MS: We also ran a lot of surveys, held one-on-one and team discussions to understand preferences, what has worked well and what hasn’t. We also came up with high level guidance but we don’t refer to anything such as a policy. It’s down to the teams to decide what works best for them, but making sure we have alignment across the firm.

Going forward it’s about embracing WFA: working from anywhere. In practice we’re not going to dictate when people have to be in the office, instead, you do your work where you do it best. And we will of course have a number of quarterly town halls and offsites on the firm level where we expect everyone to be there in person, because that is very important.

KS: It’s important to acknowledge some of the inefficiencies that have shown themselves through remote work. For example, it’s tricky to ring someone and ask a quick question; everything seems to be a scheduled call. And that can mean ending up with inefficient days simply because you need to speak with eight people.

Also, working remotely can impact your own personal development, and that of the team and the greater good of the business. This is particularly acute when you’re trying to attract and develop people; some of the best ways of learning and developing is observing how others behave and how they interact with others. Or it might just be sitting down with someone and having the ability to say, “Can you go back two steps? Can you go forward two steps?”

Unfortunately, remote working doesn’t lend itself very well to enhancing and nurturing talent, particularly if you run a trainee development programme. If you’re recruiting graduates or an analyst that hopefully is going to go through your investment programme, this can hamper their development.

Now, that doesn’t mean they need to be with others five days a week, 12 hours a day, but it’s ensuring you get the right balance. Giving people the agency to decide whether they’re coming into the office, while recognising that being with people is critical.

TDD: What will your approach to talent development be during this transitional phase?

RP: This has been a real challenge for us and was one of the big questions we tried to answer in planning for the future. We found that a lot of learning on the sharp end of projects or deals actually increased on a one-to-one basis. That’s because it’s easy to jump on a call with the partner or the director leading that particular piece of work. What was missing was the stuff around the edges. Previously, we had an informal mentoring structure where our investment managers would rotate in and out of partners’ offices every six months.

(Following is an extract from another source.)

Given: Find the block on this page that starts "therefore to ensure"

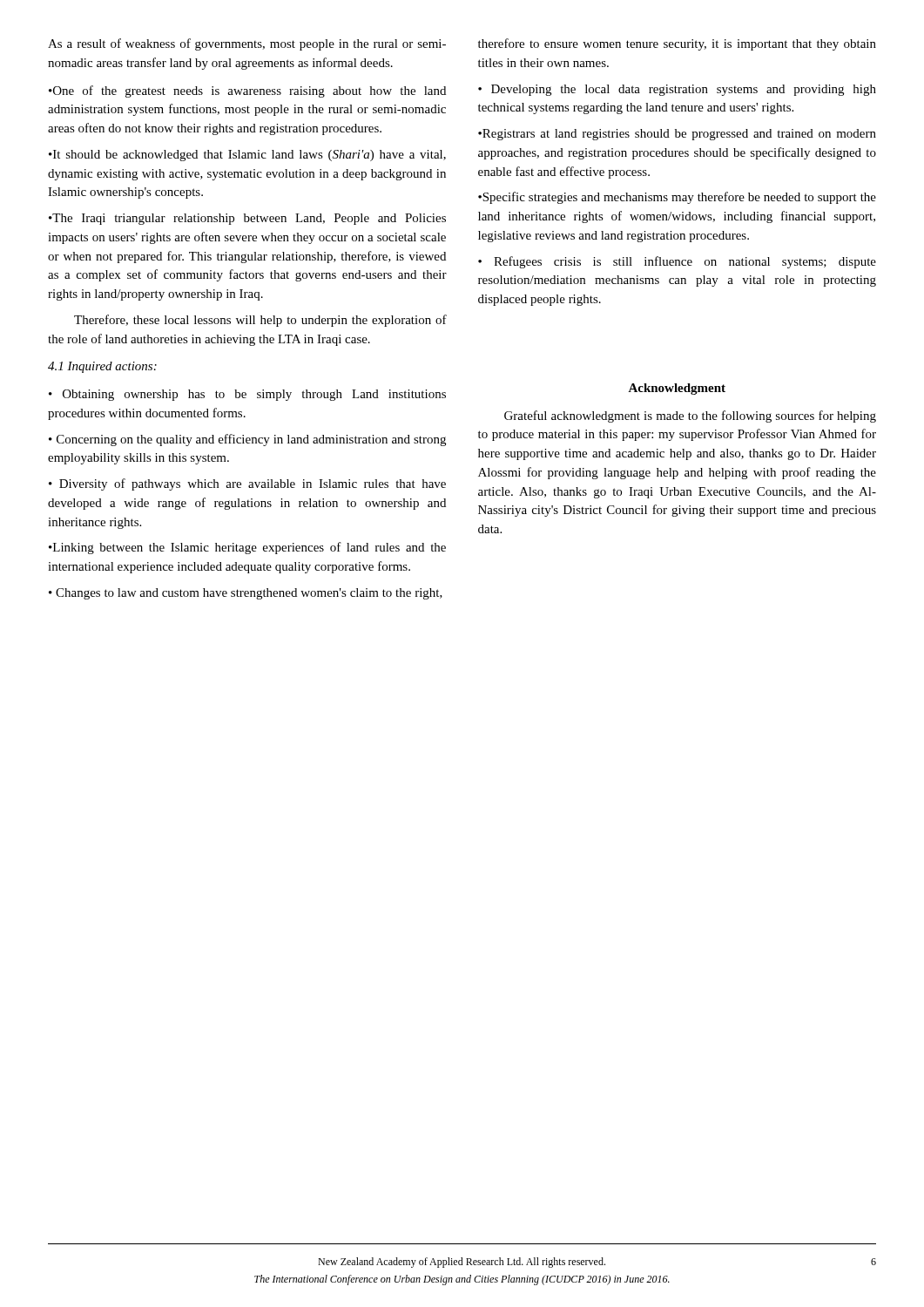Looking at the screenshot, I should click(x=677, y=54).

They would literally be sitting next to each other and it meant they could listen into those tough calls with portfolio company CEOs or with the bank. And that’s the stuff that’s been lost. Also, we could see if they were struggling and if they needed a bit of a break, or an arm around them.

We’ve made that more formal and codified it. We’ve made a small change whereby the 360 feedback forms, which are completed after every big piece of work, are also now required at the end of the six month mentorship period. The mentor requests a 360 feedback form from the mentee to review how well they coached. This puts the onus on the partner that part of their role is to coach and guide that person over that six month period.